I have seen areas of my computer I'm sure not many people get the chance to see on theirs.
I was exploring the hardcore files located on my physical memory with my forensics toolkit on my Virtual Machine I use for class.
I have to say is I should not find bits of files I deleted over 6 months ago!
Holy crap!
I had fun but dang it, I'm done. I don't know what I'm doing and I admit it. There's a reason why I had my Hex readers and things in read-only mode so I couldn't accidentally delete or change something.

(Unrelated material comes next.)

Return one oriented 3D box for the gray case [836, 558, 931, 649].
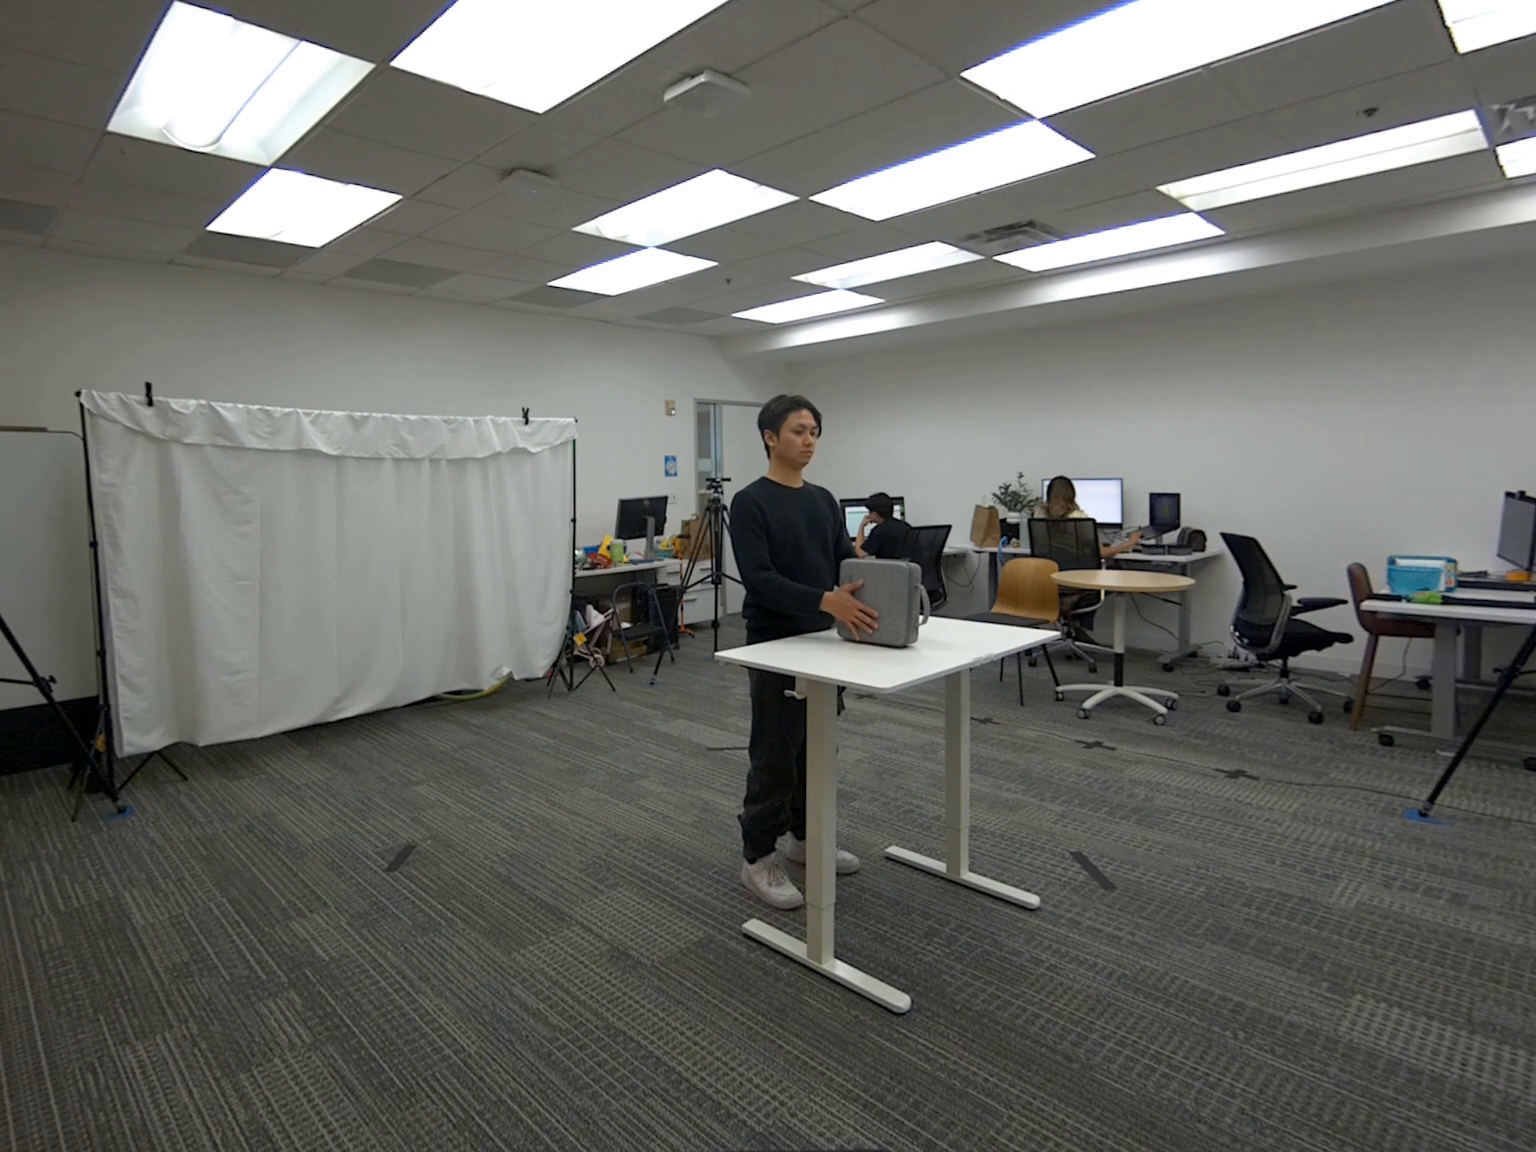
[{"bbox_3d":[0.355,0.079,2.623,0.268,0.257,0.101,3,-3,42],"label":"gray case"}]

Powerful programs. Really powerful.
I honestly don't know what I expected but I got blown away by exploring it all ahead of my class.
=)
At least I've figured out how to load my host computer information up in my Virtual Nachine! This is going to be fun to experiment as I gain knowledge about these programs and learn the techniques.
Ohh dear god... I really hope that I am not gonna hear about violating computers all quarter!!!!

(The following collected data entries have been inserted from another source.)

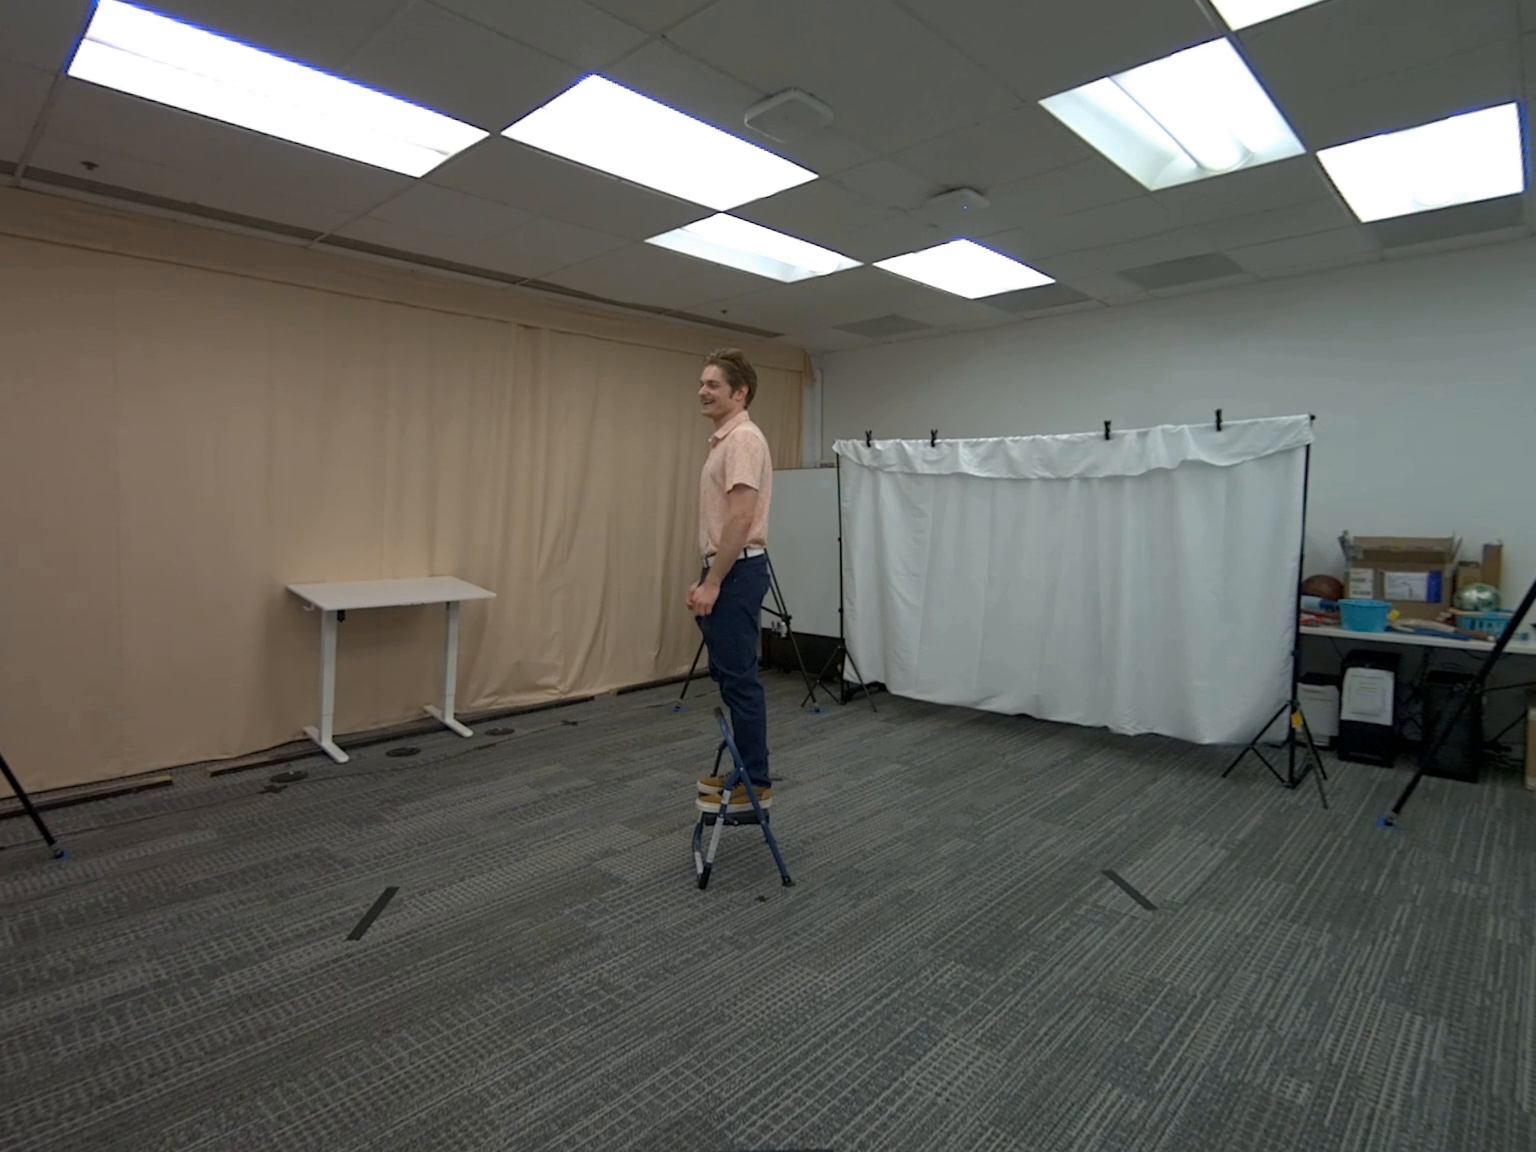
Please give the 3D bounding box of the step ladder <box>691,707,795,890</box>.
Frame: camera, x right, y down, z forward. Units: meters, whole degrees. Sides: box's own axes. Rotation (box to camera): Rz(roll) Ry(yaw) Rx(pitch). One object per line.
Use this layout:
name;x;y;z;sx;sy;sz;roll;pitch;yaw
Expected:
step ladder;-0.114;0.822;3.258;0.346;0.605;0.435;0;3;-9
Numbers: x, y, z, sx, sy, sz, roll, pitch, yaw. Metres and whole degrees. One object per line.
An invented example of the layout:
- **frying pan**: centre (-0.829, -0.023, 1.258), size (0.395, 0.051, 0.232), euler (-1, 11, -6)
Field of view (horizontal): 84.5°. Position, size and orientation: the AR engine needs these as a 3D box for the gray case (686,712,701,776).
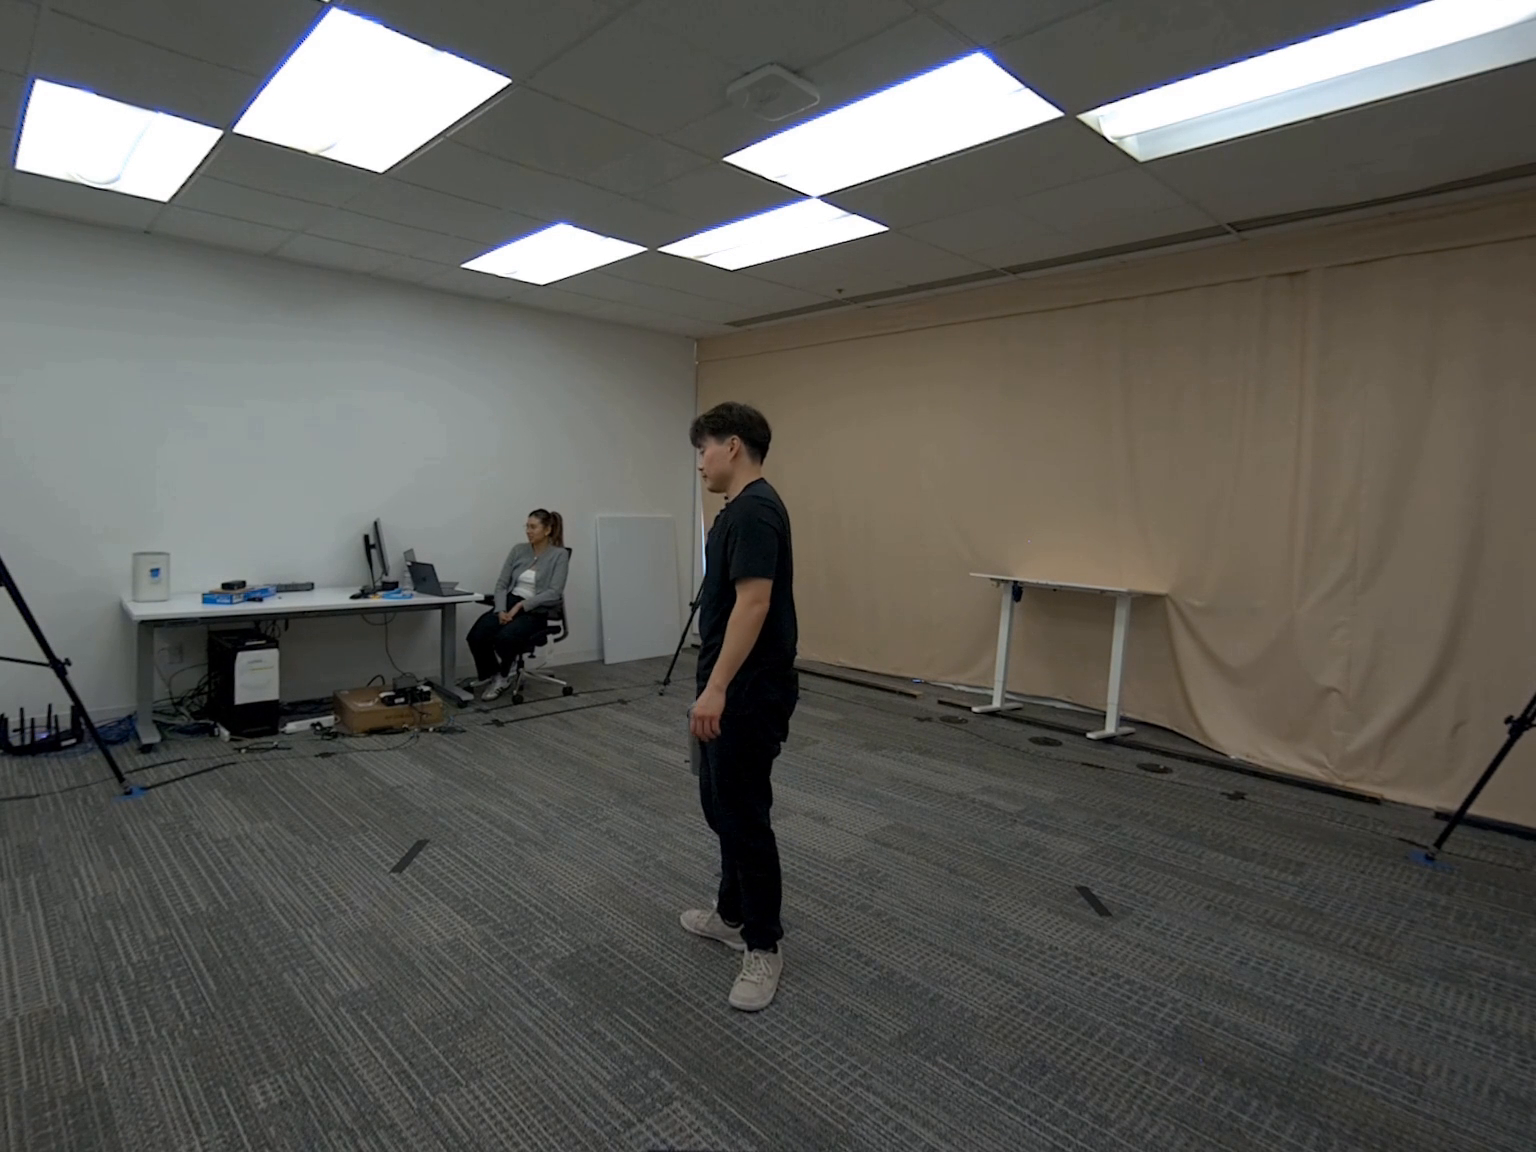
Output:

But I am glad that you are exited about it all.
01:40 Sep 28 2010 Times Read: 1,000
I just got a nice, hot twenty minute shower.
It was well-deserved.
I got most of the things on my list done.
Supper was yummy as heck.
Aurora has been a challenge today.
She's in bed a half-hour early because she threw her supper, gravy and all, on the carpet. Ugh! It's too late to steam clean too. Against our damn lease.
*grumbles*
At least the kitties got up most of it! ♥
I'm eating ice cream and waiting for my Brett Brett to get home from his appointment.
=)
*mumbles* Is it bad I want to tell my daughter...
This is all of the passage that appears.